WASHINGTON – The United States is woefully unprepared for an outbreak of the SARS respiratory disease, according to a new report, but Maryland county health officials say they have enough trained staff to ward off disaster.
The 160-page report, commissioned by the Centers for Disease Control and Prevention, warns that a U.S. shortage of epidemiologists and public health nurses “will reach a crisis stage” if there is an epidemic of Severe Acute Respiratory Syndrome.
Budget cuts to state and local health departments could also mean “an otherwise containable epidemic may spread rapidly,” the report said.
But local health officials said they are confident they have all the epidemiologists they need — even if there is not one in every county in Maryland — and that nurses are better trained to handle disease outbreaks than they were before the Sept. 11 terrorist attacks.
“We’re getting there,” said Mary Novotny, spokeswoman for the St. Mary’s County Health Department. “Compared to 9/11, we’re 100 percent better.”
Worcester County, for example, does not have an epidemiologist but trains much of the staff in epidemiology, said County Health Officer Debbie Goeller. While Anne Arundel County has only 12 nurses in its communicable disease program, it trains all 193 health department nurses on how to respond to an outbreak, said Evelyn Stein, a spokeswoman for the department.
SARS first appeared earlier this year at a conference in Hong Kong. It eventually infected 8,000 people in 25 countries, killing 780. The closest the disease got to the United States was an outbreak in Toronto.
The virus has been dormant for several months, but health officials warn that a projected severe flu season raises the possibility of an outbreak in the United States.
The CDC report said the epidemic highlighted a serious nationwide shortage of epidemiologists and other health professionals.
David Blodgett, a physician-consultant with the Anne Arundel County Health Department, agreed that it was a major feat to find an epidemiologist for his county, which just hired one to fill a slot that had been vacant.
St. Mary’s County does not have an epidemiologist, but “in this day and age,” the county will probably have one eventually, Novotny said.
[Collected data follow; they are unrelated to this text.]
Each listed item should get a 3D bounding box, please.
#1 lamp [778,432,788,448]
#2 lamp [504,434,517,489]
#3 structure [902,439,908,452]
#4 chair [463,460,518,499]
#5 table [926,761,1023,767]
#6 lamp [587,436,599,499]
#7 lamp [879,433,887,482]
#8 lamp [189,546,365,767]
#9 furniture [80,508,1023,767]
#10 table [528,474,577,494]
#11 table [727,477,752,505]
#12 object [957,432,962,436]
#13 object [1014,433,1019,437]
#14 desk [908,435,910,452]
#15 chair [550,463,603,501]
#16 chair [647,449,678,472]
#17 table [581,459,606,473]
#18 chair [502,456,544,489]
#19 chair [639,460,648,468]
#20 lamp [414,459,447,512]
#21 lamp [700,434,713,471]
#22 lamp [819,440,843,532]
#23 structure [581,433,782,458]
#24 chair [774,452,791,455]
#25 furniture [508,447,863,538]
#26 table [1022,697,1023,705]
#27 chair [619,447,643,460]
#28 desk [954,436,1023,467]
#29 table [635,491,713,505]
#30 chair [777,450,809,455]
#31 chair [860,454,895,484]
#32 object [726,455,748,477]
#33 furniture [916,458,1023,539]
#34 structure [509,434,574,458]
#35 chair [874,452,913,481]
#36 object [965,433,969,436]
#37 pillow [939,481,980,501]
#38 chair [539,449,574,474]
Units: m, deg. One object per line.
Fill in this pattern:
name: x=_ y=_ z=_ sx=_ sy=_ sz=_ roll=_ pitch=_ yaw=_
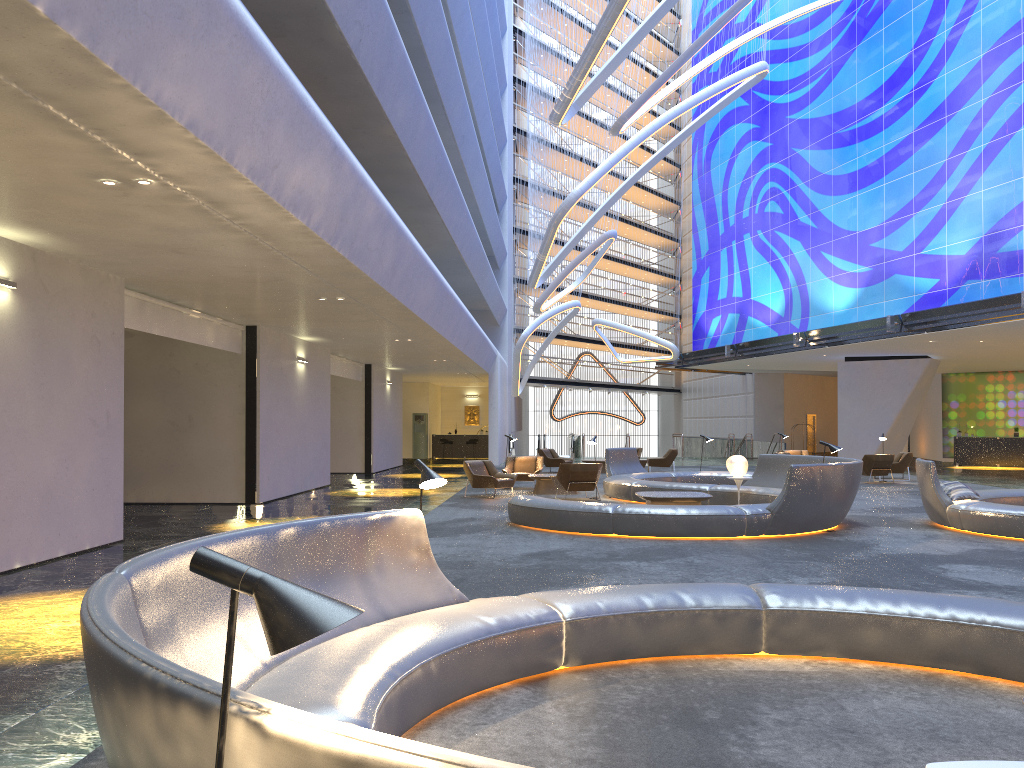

The department had epidemiologists in the past, but did not have a lot of work for them to do, she added.
Short of an epidemic, it might be hard to justify an epidemiologist in every community, said Rod MacRae, a Washington County Health Department spokesman. His county, with more than 130,000 people, does communicable disease surveillance but does not have an epidemiologist. In a county with fewer than 30,000 people, he said, the cost of an epidemiologist would make even less sense.
The report also said poor communication among health officials could hamper response to a SARS outbreak. But MacRae noted that Maryland’s small size allows him to know personally his counterparts in other counties, and that they have gotten into the habit of working with one another.
Many communities have prepared for SARS the way they have prepared for bioterrorism and other communicable diseases, MacRae said.
“It’s like planning a vacation,” he said. “Something will come up that hasn’t been anticipated.”
If a SARS outbreak requires quarantining patients in their homes, for example, someone would have to make sure those patients had enough food to last.
“You tell them to go home, but you need a mechanism to let them stay home,” MacRae said. “You don’t think of that as role of government, but who else?”
Novotny said St. Mary’s Hospital in Leonardtown is prepared for a SARS quarantine, should it ever be needed, and the county has taught emergency medical teams the symptoms of the disease and will encourage them to wear masks if there is an outbreak.
But for now, St. Mary’s County probably will not take any special measures with SARS until there is a report of an actual case nearby, Novotny said. The department does not want the public to overreact.
“It’s very difficult to judge the true threat,” MacRae said. “There’s so much to think about. Why think about something that hasn’t happened yet?”